**Your assignment**
The lines below, beginning at the one that contains "for base, p1, p2, dimstyle, picture, middle" and ending at the last, are to be retyped exactly.

**Material for this task**
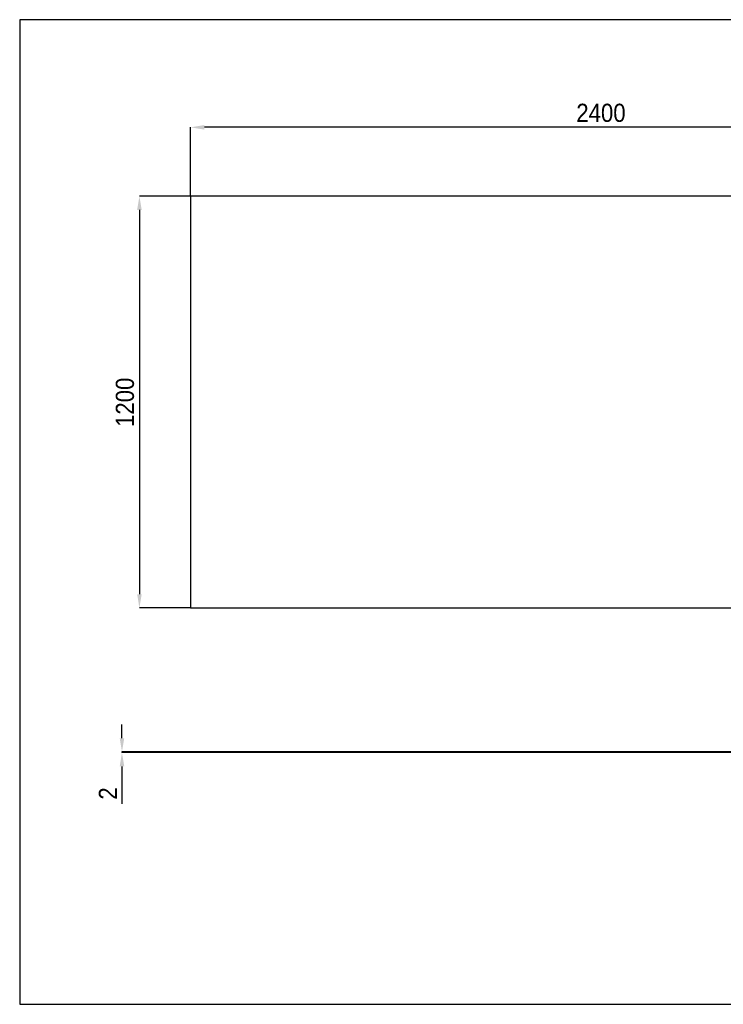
# Model space of a CAD drawing. Header units: millimetres. Extents: x 154 to 4254, y 65 to 2935.
# Tile 1 of 2: x 154 to 2204, y 65 to 2935. Entities that reach past the tile are written whole.
import ezdxf

# ---------------------------------------------------------------- set-up
doc = ezdxf.new("R2010")
doc.units = ezdxf.units.MM
doc.header["$LTSCALE"] = 20
doc.header["$PDSIZE"] = -1
doc.linetypes.add('SLD-Solido', pattern=[0])
doc.layers.add('QUOTE', color=1, linetype='SLD-Solido')
doc.layers.add('SCHIZZI', color=9, linetype='Continuous')
doc.styles.add('SLDTEXTSTYLE0', font='Gothic.ttf', dxfattribs={"width": 0.913})
doc.dimstyles.new('SLDDIMSTYLE0', dxfattribs={"dimtxt": 52.916667, "dimasz": 40, "dimexe": 0, "dimexo": 0.0625, "dimgap": 13.229167, "dimtad": 1, "dimdec": 1, "dimrnd": 1e-09, "dimzin": 12, "dimdsep": 46, "dimtxsty": 'SLDTEXTSTYLE0', "dimsah": 1, "dimcen": 0.09, "dimadec": 0, "dimazin": 3, "dimtfac": 1, "dimtdec": 1, "dimtofl": 0, "dimtmove": 0, "dimatfit": 3, "dimfxl": 0, "dimfrac": 2, "dimtolj": 1, "dimtzin": 12, "dimarcsym": 0})
doc.dimstyles.new('SLDDIMSTYLE1', dxfattribs={"dimtxt": 52.916667, "dimasz": 40, "dimexe": 0, "dimexo": 0.0625, "dimgap": 13.229167, "dimtad": 1, "dimdec": 1, "dimrnd": 1e-09, "dimzin": 12, "dimdsep": 46, "dimtxsty": 'SLDTEXTSTYLE0', "dimsah": 1, "dimcen": 0.09, "dimadec": 0, "dimazin": 3, "dimtfac": 1, "dimtdec": 1, "dimtmove": 0, "dimatfit": 0, "dimfxl": 0, "dimfrac": 2, "dimtolj": 1, "dimtzin": 12, "dimarcsym": 0})

# ---------------------------------------------------------------- blocks, each defined once
blk = doc.blocks.new('_D')
at = {"layer": 'Defpoints', "color": 0}
for p in [(652.3, 2621.1), (652.3, 2420.2), (3052.3, 2420.2)]:
    blk.add_point(p, dxfattribs=at)
at = {"layer": 'QUOTE', "color": 0, "lineweight": -2}
for p, q in [((652.3, 2420.3), (652.3, 2621.1)), ((3012.3, 2621.1), (692.3, 2621.1)), ((3052.3, 2420.3), (3052.3, 2621.1))]:
    blk.add_line(p, q, dxfattribs=at)
at = {"layer": 'QUOTE', "color": 0}
for points in [[(692.3, 2627.8), (692.3, 2614.4), (652.3, 2621.1)], [(3012.3, 2627.8), (3012.3, 2614.4), (3052.3, 2621.1)]]:
    blk.add_solid(points, dxfattribs=at)
at = {"layer": 'QUOTE', "color": 0, "insert": (1847.9, 2689.9), "char_height": 52.92, "attachment_point": 2, "style": 'SLDTEXTSTYLE0'}
blk.add_mtext('\\A1;2400', dxfattribs=at)
blk = doc.blocks.new('_D_1')
at = {"layer": 'Defpoints', "color": 0}
for p in [(652.3, 2420.2), (503.1, 1220.2), (652.3, 1220.2)]:
    blk.add_point(p, dxfattribs=at)
at = {"layer": 'QUOTE', "color": 0, "lineweight": -2}
for p, q in [((652.3, 2420.2), (503.1, 2420.2)), ((503.1, 2380.2), (503.1, 1260.2)), ((652.3, 1220.2), (503.1, 1220.2))]:
    blk.add_line(p, q, dxfattribs=at)
at = {"layer": 'QUOTE', "color": 0}
for points in [[(496.5, 2380.2), (509.8, 2380.2), (503.1, 2420.2)], [(496.5, 1260.2), (509.8, 1260.2), (503.1, 1220.2)]]:
    blk.add_solid(points, dxfattribs=at)
at = {"layer": 'QUOTE', "color": 0, "insert": (434.3, 1819.6), "char_height": 52.92, "attachment_point": 2, "rotation": 90, "style": 'SLDTEXTSTYLE0'}
blk.add_mtext('\\A1;1200', dxfattribs=at)
blk = doc.blocks.new('_D_3')
at = {"layer": 'Defpoints', "color": 0}
for p in [(452.3, 800.4), (652.3, 800.4), (652.3, 798.4)]:
    blk.add_point(p, dxfattribs=at)
at = {"layer": 'QUOTE', "color": 0, "lineweight": -2}
for p, q in [((452.3, 840.4), (452.3, 880.4)), ((652.3, 800.4), (452.3, 800.4)), ((452.3, 800.4), (452.3, 798.4)), ((652.3, 798.4), (452.3, 798.4)), ((452.3, 758.4), (452.3, 649.6))]:
    blk.add_line(p, q, dxfattribs=at)
at = {"layer": 'QUOTE', "color": 0}
for points in [[(445.7, 840.4), (459, 840.4), (452.3, 800.4)], [(445.7, 758.4), (459, 758.4), (452.3, 798.4)]]:
    blk.add_solid(points, dxfattribs=at)
at = {"layer": 'QUOTE', "color": 0, "insert": (384.9, 679.3), "char_height": 52.92, "attachment_point": 2, "rotation": 90, "style": 'SLDTEXTSTYLE0'}
blk.add_mtext('\\A1;2', dxfattribs=at)

msp = doc.modelspace()

# ---------------------------------------------------------------- linework, layer by layer
for p, q in [((3052.34, 2420.24), (652.34, 2420.24)), ((652.34, 2420.24), (652.34, 1220.24)), ((652.34, 1220.24), (3052.34, 1220.24)), ((652.34, 800.36), (652.34, 798.36)), ((3052.34, 800.36), (652.34, 800.36)), ((3052.34, 798.36), (652.34, 798.36))]:
    msp.add_line(p, q)
at = {"layer": 'SCHIZZI', "color": 7}
msp.add_lwpolyline([(4254.34, 64.85), (4254.15, 2934.85), (154.34, 2934.85), (154.34, 64.85)], close=True, dxfattribs=at)

# ---------------------------------------------------------------- dimensions: what is measured, and where the dimension line sits
at = {"layer": 'QUOTE'}
dim = msp.add_linear_dim(base=(652.34, 2621.11), p1=(3052.34, 2420.24), p2=(652.34, 2420.24), dimstyle='SLDDIMSTYLE0', dxfattribs=at)
dim.commit()
dim.dimension.update_dxf_attribs({"geometry": '_D', "text_midpoint": (1847.85, 2621.11), "dimtype": 160})
for base, p1, p2, dimstyle, picture, middle in [((503.14, 1220.24), (652.34, 2420.24), (652.34, 1220.24), 'SLDDIMSTYLE0', '_D_1', (503.14, 1819.58)), ((452.34, 800.36), (652.34, 798.36), (652.34, 800.36), 'SLDDIMSTYLE1', '_D_3', (452.34, 679.26))]:
    dim = msp.add_linear_dim(base=base, p1=p1, p2=p2, angle=90, dimstyle=dimstyle, dxfattribs=at)
    dim.commit()
    dim.dimension.update_dxf_attribs({"geometry": picture, "text_midpoint": middle, "dimtype": 160})

doc.saveas('drawing.dxf')

**The answer**
for base, p1, p2, dimstyle, picture, middle in [((503.14, 1220.24), (652.34, 2420.24), (652.34, 1220.24), 'SLDDIMSTYLE0', '_D_1', (503.14, 1819.58)), ((452.34, 800.36), (652.34, 798.36), (652.34, 800.36), 'SLDDIMSTYLE1', '_D_3', (452.34, 679.26))]:
    dim = msp.add_linear_dim(base=base, p1=p1, p2=p2, angle=90, dimstyle=dimstyle, dxfattribs=at)
    dim.commit()
    dim.dimension.update_dxf_attribs({"geometry": picture, "text_midpoint": middle, "dimtype": 160})

doc.saveas('drawing.dxf')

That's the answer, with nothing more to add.